林晚走过去,在苏晴对面坐下,服务员递上菜单,苏晴让林晚点,林晚随便点了几个招牌菜,她不太饿,主要是为了见见那个画家,表达一下支持。

菜上得很快,味道不错,两人边吃边聊,聊艺术,聊生活,聊对未来的打算,苏晴是个很健谈的人,见识也广,跟她聊天很愉快,时间过得很快。

画家是快吃完饭时才来的,他看起来比林晚想象中要年轻,三十多岁的样子,但头发已经白了一半,穿着洗得发白的牛仔裤和一件旧夹克,很朴素。

“对不起,对不起,我来晚了,路上堵车,实在不好意思。”

他一进来就连声道歉,语气很诚恳,但眼神有些躲闪,不太敢直视林晚,手也不知道该往哪儿放,显得有些局促不安,一看就是不太擅长社交的人。

“没事没事,我们也是刚到不久,坐吧,菜还没凉,要不要再点几个菜?”

苏晴招呼他坐下,又让服务员加了副碗筷,画家连连摆手,说不用不用,他吃过了,但林晚看他那样子,不像吃过的,就自作主张又加了两个菜。

吃饭的时候,画家的话很少,大多是苏晴在说,他在一旁听着,偶尔点点头,或者简单回答一两个字,很腼腆,但当话题转到他的画时,他突然变得健谈起来。

“那幅《蓝色之夜》是我在妻子确诊那天晚上画的,那天下了很大的雨,我在画室里坐了一夜,画完了这幅画,画里的每一笔,都是我当时的心情。”

他说话时眼睛看着窗外,眼神很悠远,像是在回忆那个夜晚,那个雨夜,那个绝望又必须坚强的夜晚,林晚静静听着,心里有些触动。

“你妻子……现在怎么样了?”

她问,声音很轻,怕惊扰了什么,画家转过头看着她,眼睛很亮,在灯光下闪着光,那光里有悲伤,也有希望,很复杂,但很真实。

“还在治疗,情况不太乐观,但医生说还有希望,只要不放弃,就还有希望。”

他说这话时,语气很平静,但林晚能听出那平静下的沉重,那是一个丈夫,一个父亲,一个家的顶梁柱,在命运的重压下,依然挺直的脊梁。

“医药费……还够吗?”

林晚又问,她知道自己这个问题有些冒昧,但她还是问了,画家愣了一下,然后苦笑了一下,那笑容很苦,像一杯没加糖的黑咖啡,苦到心里。

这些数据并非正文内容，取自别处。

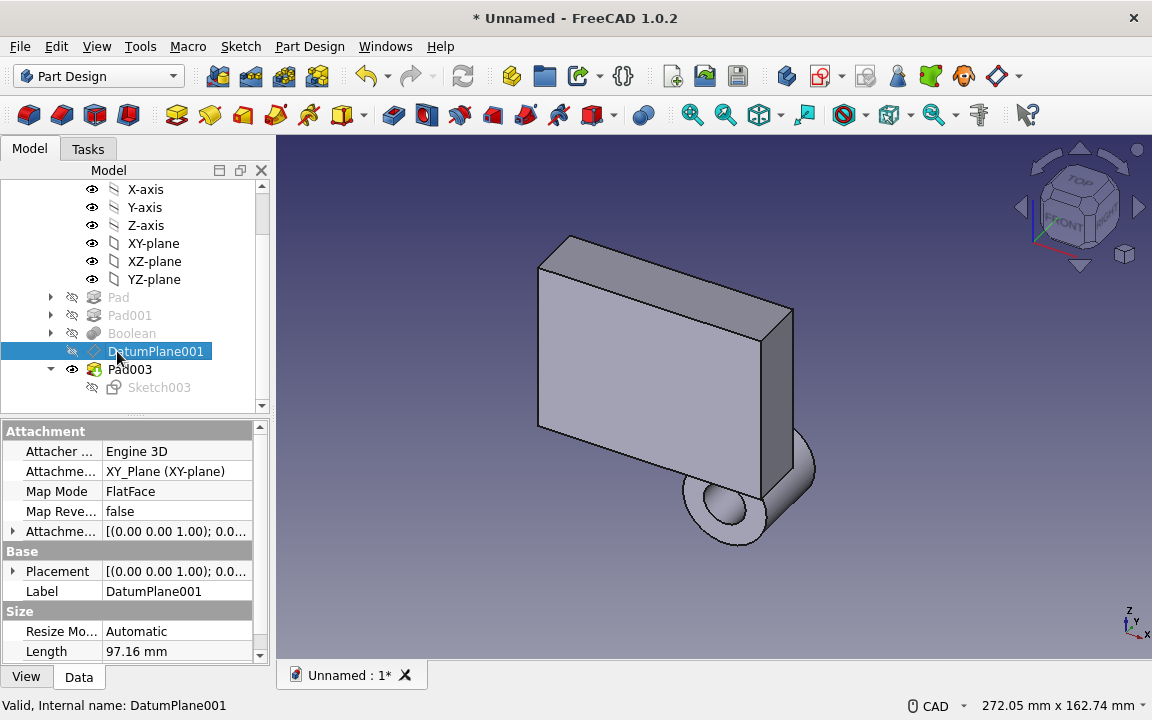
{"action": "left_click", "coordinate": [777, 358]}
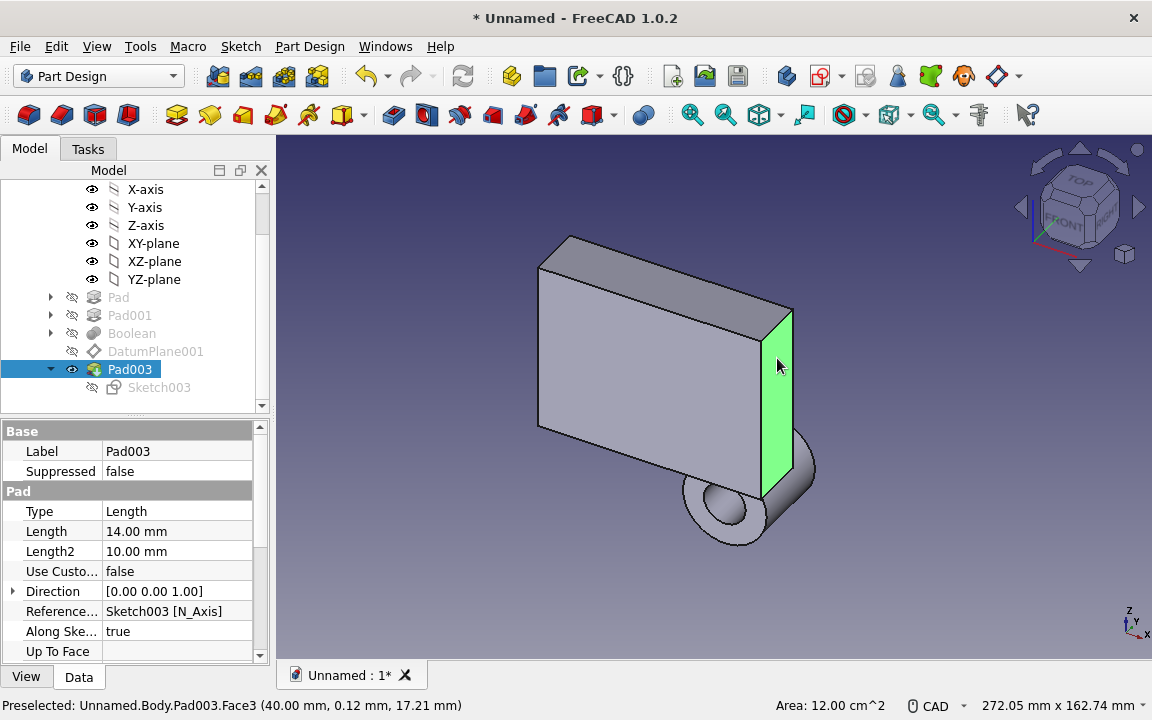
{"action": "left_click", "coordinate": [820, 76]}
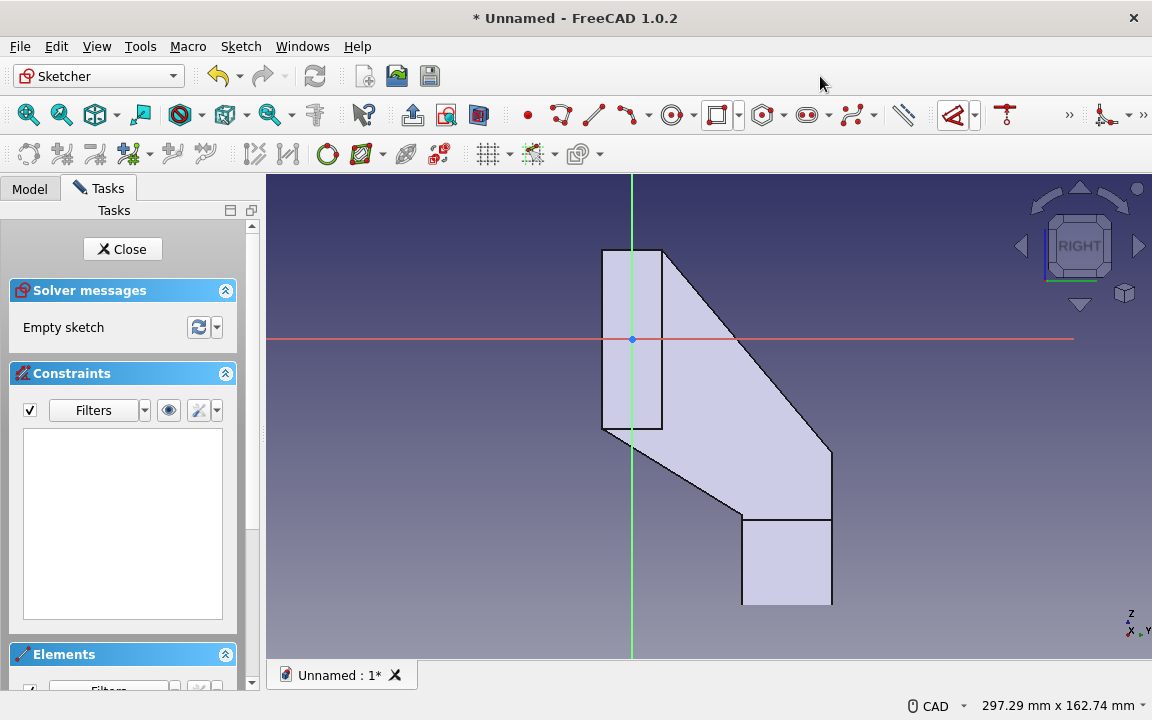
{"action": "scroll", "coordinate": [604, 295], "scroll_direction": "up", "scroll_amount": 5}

“说实话,不太够,但总会有办法的,我最近在接一些商业插画的活儿,虽然钱不多,但好歹能补贴一点,日子总能过下去的,不是吗?”

他说这话时,语气里有种认命般的坦然,但也有一种不服输的坚韧,像石缝里长出的草,虽然艰难,但依然在努力向着阳光生长。

林晚心里一动,她从包里拿出一张卡,推到画家面前,那是一张不记名的预付卡,里面有五万元,是她早就准备好的,想用这种方式帮帮他。

“这个你拿着,不是施舍,是投资,我觉得你的画以后会升值,这算是我提前投资,等你的画升值了,我可是要分红的。”

她说得很轻松,像在开玩笑,但眼神很认真,画家看着那张卡,又看看林晚,眼圈一下子红了,他低下头,肩膀微微颤抖,很久没有说话。

“谢谢……谢谢……”

过了很久,他才哑着嗓子说出这两个字,声音哽咽,他拿起那张卡,手抖得厉害,卡差点掉在地上,他紧紧握着,像是握着救命稻草。

“我会努力的,我一定会画出更好的作品,不辜负您的信任,真的,谢谢您……”

他说不下去了,站起来,对着林晚深深鞠了一躬,腰弯得很低,很久没有直起来,林晚赶紧站起来扶他,说不用这样,真的不用。

那天晚上林晚回到家时,心情很复杂,有做了好事后的欣慰,也有对自己现状的感慨,她帮了一个陌生人,却帮不了自己,这很讽刺,也很现实。

陈明宇已经睡了,床头灯还亮着,暖黄的光晕笼罩着他熟睡的脸,看起来很安静,很平和,林晚站在床边看了他很久,然后轻轻关掉了灯。

黑暗中,她躺在陈明宇身边,听着他均匀的呼吸声,心里那个决定越来越清晰,她不能永远这样下去,她必须找到一个平衡点,一个既能保护自己,又能不伤害陈明宇的平衡点。